During the sixteenth century, small diasporic communities of businessmen of Ragusa Republic settled in some Mediterranean ports. These communities were made up of commercial agents, merchants and seamen who, using the detailed information system of the motherland and relying on the Republic’s fleet, were engaged in the trade of grain. This study expands previous analysis of Mediterranean Ragusan trade considering it as a trade network diaspora and investigating it in this perspective. In particular, using a network-institutional approach, the role of the Ragusan diaspora in grain trade has been analysed as an instrument of diffusion of the merchant practices in commerce, shipping and finance which have thus become as a cultural heritage of the Ragusa society. The environmental and social pressures conditioned the activity of the merchants and shaped its role as mediators of social capital in support of the economic activity of the motherland.

Disclosure statement

No potential conflict of interest was reported by the authors.

Notes on contributors

Dario Dell’Osa is Assistant Professor in Economic History at the Department of Economics and Finance, University of Bari “Aldo Moro”. His research primarily focuses on Economic History of the Mediterranean countries between the 16th century and the first half of the 19th century. He is author of papers on rural history and on maritime history. He also studied the commercial and financial relations between the two shores of the Adriatic Sea in the 16th century, with particular emphasis on the role played by the Republic of Ragusa.

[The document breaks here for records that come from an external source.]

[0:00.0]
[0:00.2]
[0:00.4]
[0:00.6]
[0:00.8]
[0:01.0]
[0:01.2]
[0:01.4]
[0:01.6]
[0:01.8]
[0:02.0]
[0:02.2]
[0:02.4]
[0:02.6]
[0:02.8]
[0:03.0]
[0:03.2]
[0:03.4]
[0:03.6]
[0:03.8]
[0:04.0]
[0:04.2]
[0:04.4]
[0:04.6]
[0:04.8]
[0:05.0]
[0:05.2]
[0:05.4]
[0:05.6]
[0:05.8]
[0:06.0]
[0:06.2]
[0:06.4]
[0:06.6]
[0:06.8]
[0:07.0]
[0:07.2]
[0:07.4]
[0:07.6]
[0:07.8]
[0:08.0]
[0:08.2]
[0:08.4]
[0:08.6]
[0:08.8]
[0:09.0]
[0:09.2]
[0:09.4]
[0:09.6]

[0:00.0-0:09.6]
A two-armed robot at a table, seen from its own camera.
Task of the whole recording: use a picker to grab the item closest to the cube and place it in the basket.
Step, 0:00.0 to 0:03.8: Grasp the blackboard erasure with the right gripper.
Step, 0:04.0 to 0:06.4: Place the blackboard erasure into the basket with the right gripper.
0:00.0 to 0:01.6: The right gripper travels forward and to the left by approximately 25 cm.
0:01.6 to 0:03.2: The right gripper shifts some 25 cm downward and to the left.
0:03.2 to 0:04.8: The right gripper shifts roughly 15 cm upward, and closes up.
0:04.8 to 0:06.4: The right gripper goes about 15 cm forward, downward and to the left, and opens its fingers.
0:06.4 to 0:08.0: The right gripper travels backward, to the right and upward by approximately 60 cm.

Stella Lippolis is Assistant Professor in Accounting and Management at the Ionian Department of Law, Economics and Environment, University of Bari “Aldo Moro”. Her research interests include: the development of accounting and business practices in Mediterranean area in the modern age; the consequences of digital transformations on accounting information systems. She is also the author of studies on corporate governance, specifically, on the nature of the relationship, linking corporate governance structures to the quality of financial information.

Notes

1 Until 1526 Ragusa paid an annual tribute also to the Kingdom of Hungary. For an in-depth analysis on the amount of taxes Ragusa paid to the Ottoman Empire and the Kingdom of Hungary, see Bojović (Citation2003) and Miović (Citation2013).

2 On the international legal status of the Republic of Ragusa, and its diplomatic relations with the Ottoman Empire and the great European powers see also the works of Inalcik (Citation1973), Mitić (Citation1988, p. 101), Stulli (Citation2001, p. 273), Harris (Citation2003), Faroqhi (Citation2007, p. 89) and Kunčević (Citation2013).

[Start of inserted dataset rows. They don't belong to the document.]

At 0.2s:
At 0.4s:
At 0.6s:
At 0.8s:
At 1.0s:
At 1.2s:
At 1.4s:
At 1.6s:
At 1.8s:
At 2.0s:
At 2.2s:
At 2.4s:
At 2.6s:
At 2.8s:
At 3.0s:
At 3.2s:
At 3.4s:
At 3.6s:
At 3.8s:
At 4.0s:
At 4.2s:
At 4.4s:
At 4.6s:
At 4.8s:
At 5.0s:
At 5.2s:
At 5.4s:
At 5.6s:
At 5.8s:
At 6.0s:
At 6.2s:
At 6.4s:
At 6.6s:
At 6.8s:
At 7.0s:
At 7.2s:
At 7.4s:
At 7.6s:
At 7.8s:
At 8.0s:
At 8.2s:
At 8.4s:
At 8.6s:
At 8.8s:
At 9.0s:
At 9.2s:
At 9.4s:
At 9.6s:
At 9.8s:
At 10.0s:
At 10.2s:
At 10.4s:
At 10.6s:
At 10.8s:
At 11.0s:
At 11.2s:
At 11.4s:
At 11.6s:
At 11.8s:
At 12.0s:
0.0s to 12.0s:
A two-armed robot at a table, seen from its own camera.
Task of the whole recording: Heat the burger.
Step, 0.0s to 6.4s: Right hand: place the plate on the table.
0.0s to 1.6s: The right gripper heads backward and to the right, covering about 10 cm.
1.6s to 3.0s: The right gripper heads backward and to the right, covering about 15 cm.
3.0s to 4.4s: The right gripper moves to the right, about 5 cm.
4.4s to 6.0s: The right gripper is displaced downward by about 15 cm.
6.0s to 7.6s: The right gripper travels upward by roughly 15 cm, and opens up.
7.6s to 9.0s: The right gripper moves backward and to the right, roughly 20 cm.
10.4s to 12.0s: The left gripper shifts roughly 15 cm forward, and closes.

3 The term ‘Levantine’ is used here only in the geographical sense, to identify goods and people coming from the eastern Mediterranean considering, in particular, the areas currently occupied by Greece, Turkey, Syria, Palestine and Egypt. For a broader examination of the Levantine concept, see the volume of Rothman (Citation2012, p. 211).

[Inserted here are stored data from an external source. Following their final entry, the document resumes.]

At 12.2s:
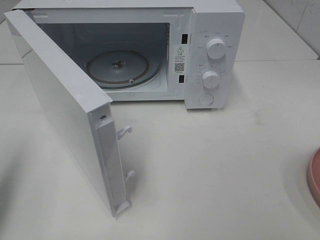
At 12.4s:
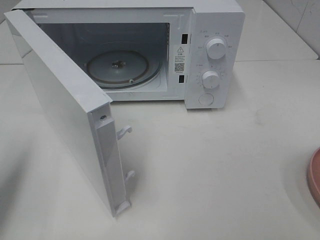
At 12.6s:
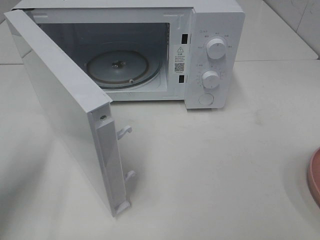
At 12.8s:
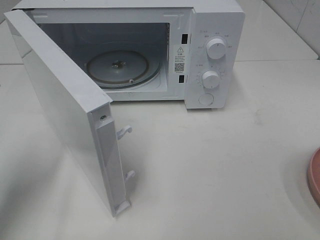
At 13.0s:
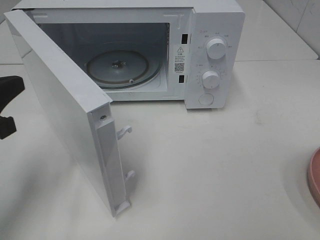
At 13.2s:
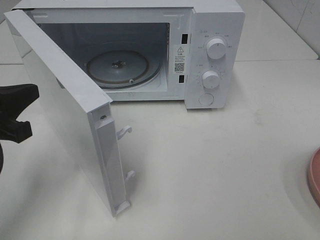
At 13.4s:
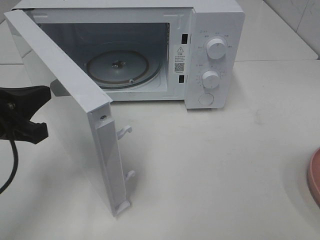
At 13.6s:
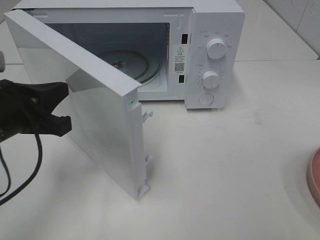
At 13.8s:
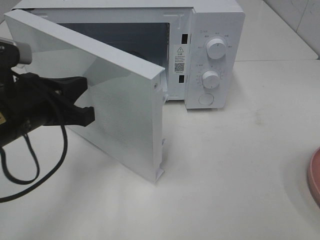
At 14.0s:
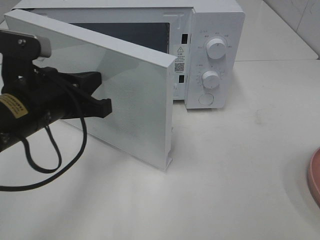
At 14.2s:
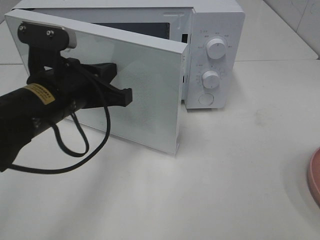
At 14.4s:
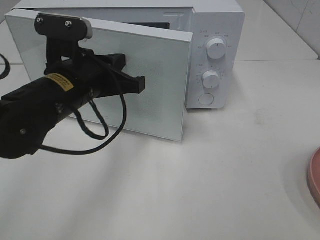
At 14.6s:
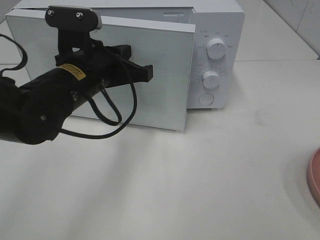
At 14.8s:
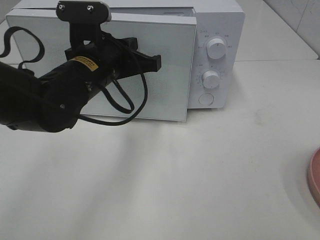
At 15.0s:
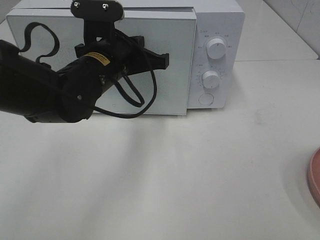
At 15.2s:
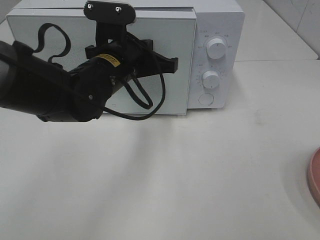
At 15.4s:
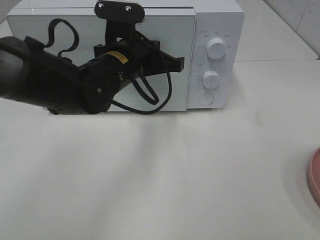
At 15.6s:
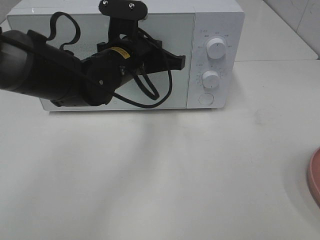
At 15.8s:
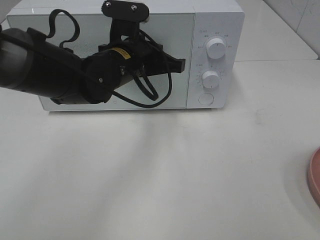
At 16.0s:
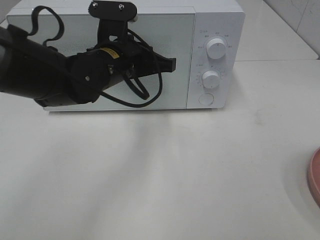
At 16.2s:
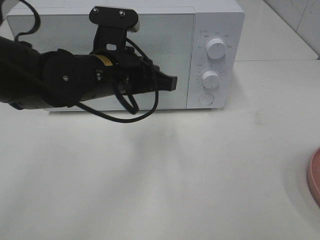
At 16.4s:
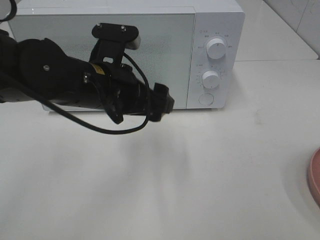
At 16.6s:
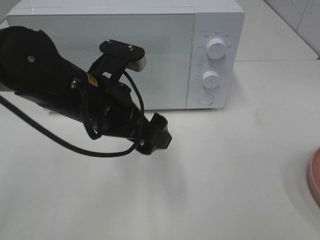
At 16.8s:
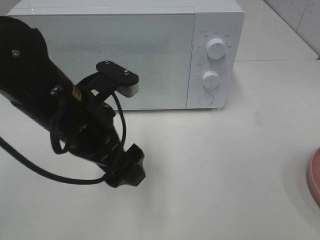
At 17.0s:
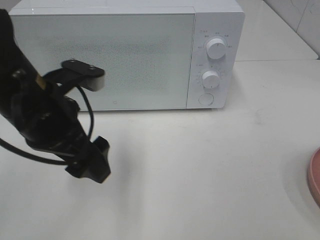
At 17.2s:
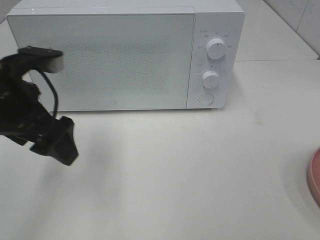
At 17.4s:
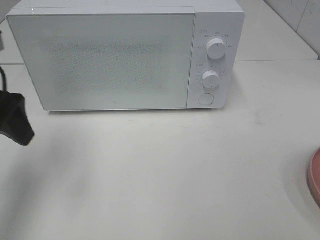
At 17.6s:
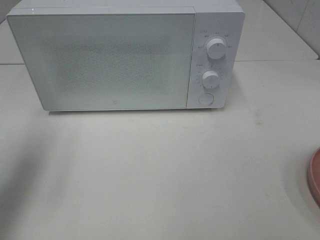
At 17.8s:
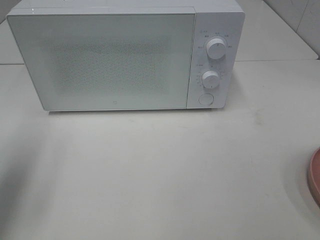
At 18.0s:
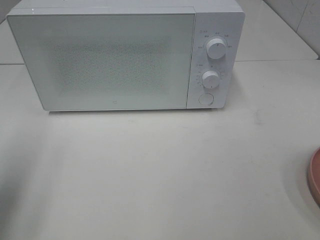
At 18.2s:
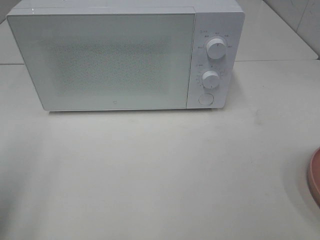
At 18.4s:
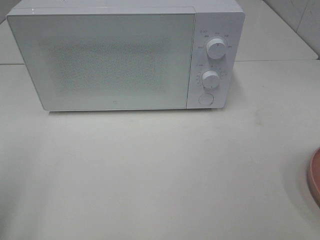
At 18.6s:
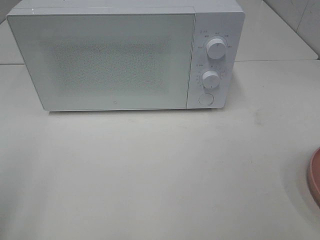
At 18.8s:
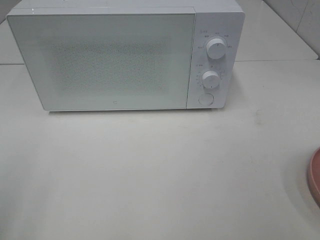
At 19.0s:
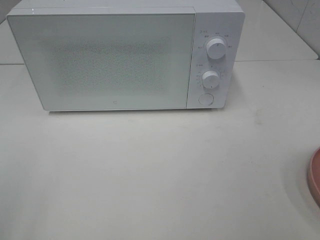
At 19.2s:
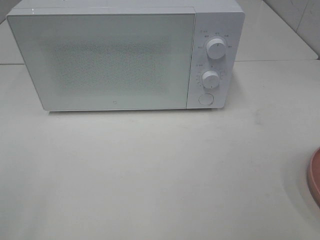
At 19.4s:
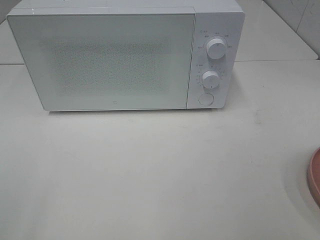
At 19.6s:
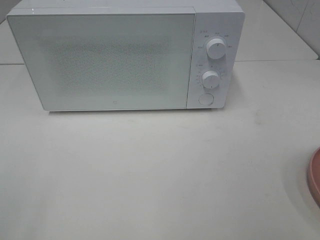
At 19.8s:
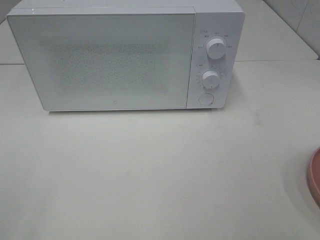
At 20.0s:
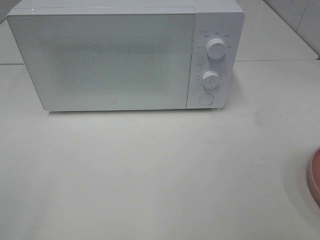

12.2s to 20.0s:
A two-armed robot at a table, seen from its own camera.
Task of the whole recording: Heat the burger.
Step, 12.2s to 16.0s: Left hand: close the microwave door.
12.2s to 13.8s: The left gripper goes roughly 15 cm to the right and forward.
13.8s to 15.4s: The left gripper shifts some 15 cm to the right and forward.
15.4s to 16.8s: The left gripper heads backward and to the left, covering some 10 cm, and opens its fingers.
16.8s to 18.4s: The left gripper travels to the left and backward by roughly 25 cm.

4 The term ‘diaspora’ is used in the historiography with reference to the three classical diasporas, of the Armenians, Greeks and Jews, but it can be also considered an ‘umbrella’ definition (Alexander, Citation2017; Baghdiantz McCabe et al., Citation2005; Brubaker, Citation2005; Elo & Minto-Coy, Citation2019), which can refer to ‘wider categories which reflect processes of politically motivated uprooting and moving of populations, voluntary migration, global communications and transport’ (Shuval, Citation2000, p. 42). In defining the concept of diaspora see also the works of Sheffer (Citation1986, Citation2003), Safran (Citation1991), Clifford (Citation1994) and Trivellato (Citation2009).

5 According to Monge and Muchnik (Citation2019, p. 256) the paradox of the relations between the diasporas and the sources of political power of whatever kind (monarchical, municipal, ecclesiastical, etc.), is therefore both at the origin of the diaspora and at the heart of the reception, of its temporality, its geography, and its modalities.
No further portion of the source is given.